Task to complete: I'd like the line containing "Answer: John Doe" and every line below it, to the end of the material, repeated exactly and with nothing else.
[Source records Boundary: Start]
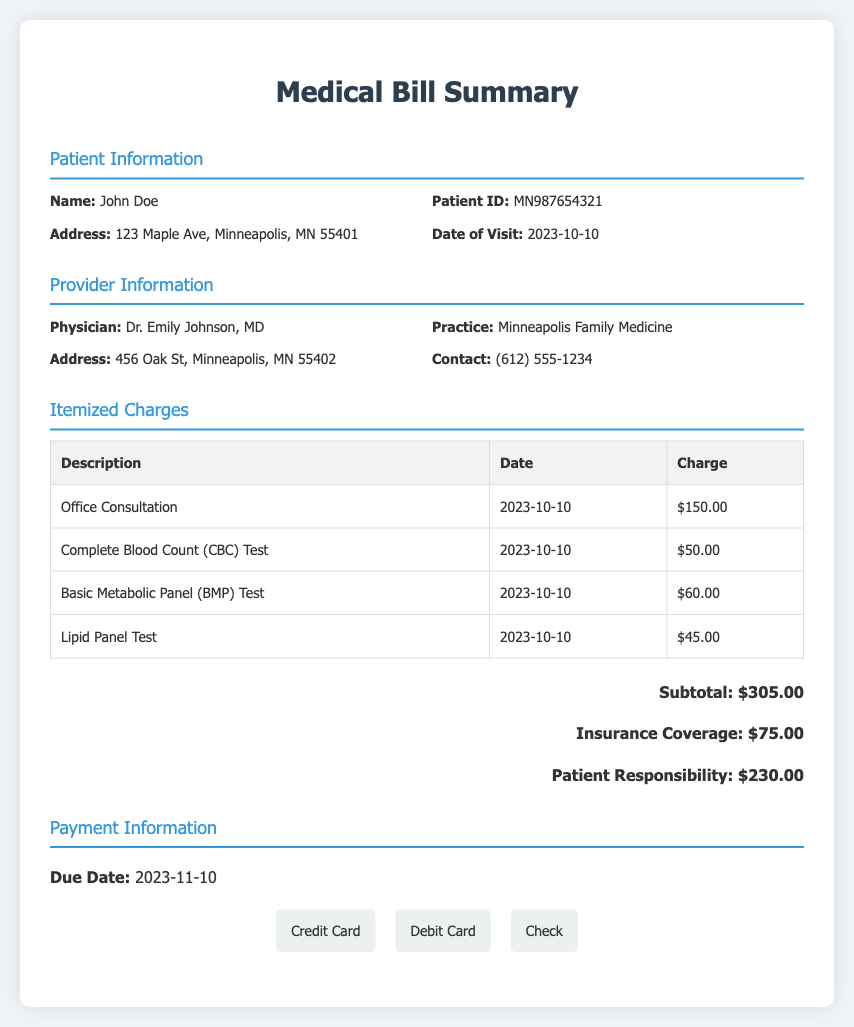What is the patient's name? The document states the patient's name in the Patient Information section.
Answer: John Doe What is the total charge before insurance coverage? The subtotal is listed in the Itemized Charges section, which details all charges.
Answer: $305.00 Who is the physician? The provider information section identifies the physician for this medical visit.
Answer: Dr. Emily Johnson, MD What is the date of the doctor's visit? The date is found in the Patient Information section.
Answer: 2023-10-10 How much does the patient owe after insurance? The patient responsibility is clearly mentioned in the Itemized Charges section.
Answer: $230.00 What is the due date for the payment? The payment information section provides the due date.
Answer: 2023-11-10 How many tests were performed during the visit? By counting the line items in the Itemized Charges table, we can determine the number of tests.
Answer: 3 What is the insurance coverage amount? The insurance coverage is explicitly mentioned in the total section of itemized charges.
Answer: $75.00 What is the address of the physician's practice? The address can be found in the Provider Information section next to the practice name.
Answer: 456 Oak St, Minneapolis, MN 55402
[Source records Boundary: End]
Answer space:
Answer: John Doe What is the total charge before insurance coverage? The subtotal is listed in the Itemized Charges section, which details all charges.
Answer: $305.00 Who is the physician? The provider information section identifies the physician for this medical visit.
Answer: Dr. Emily Johnson, MD What is the date of the doctor's visit? The date is found in the Patient Information section.
Answer: 2023-10-10 How much does the patient owe after insurance? The patient responsibility is clearly mentioned in the Itemized Charges section.
Answer: $230.00 What is the due date for the payment? The payment information section provides the due date.
Answer: 2023-11-10 How many tests were performed during the visit? By counting the line items in the Itemized Charges table, we can determine the number of tests.
Answer: 3 What is the insurance coverage amount? The insurance coverage is explicitly mentioned in the total section of itemized charges.
Answer: $75.00 What is the address of the physician's practice? The address can be found in the Provider Information section next to the practice name.
Answer: 456 Oak St, Minneapolis, MN 55402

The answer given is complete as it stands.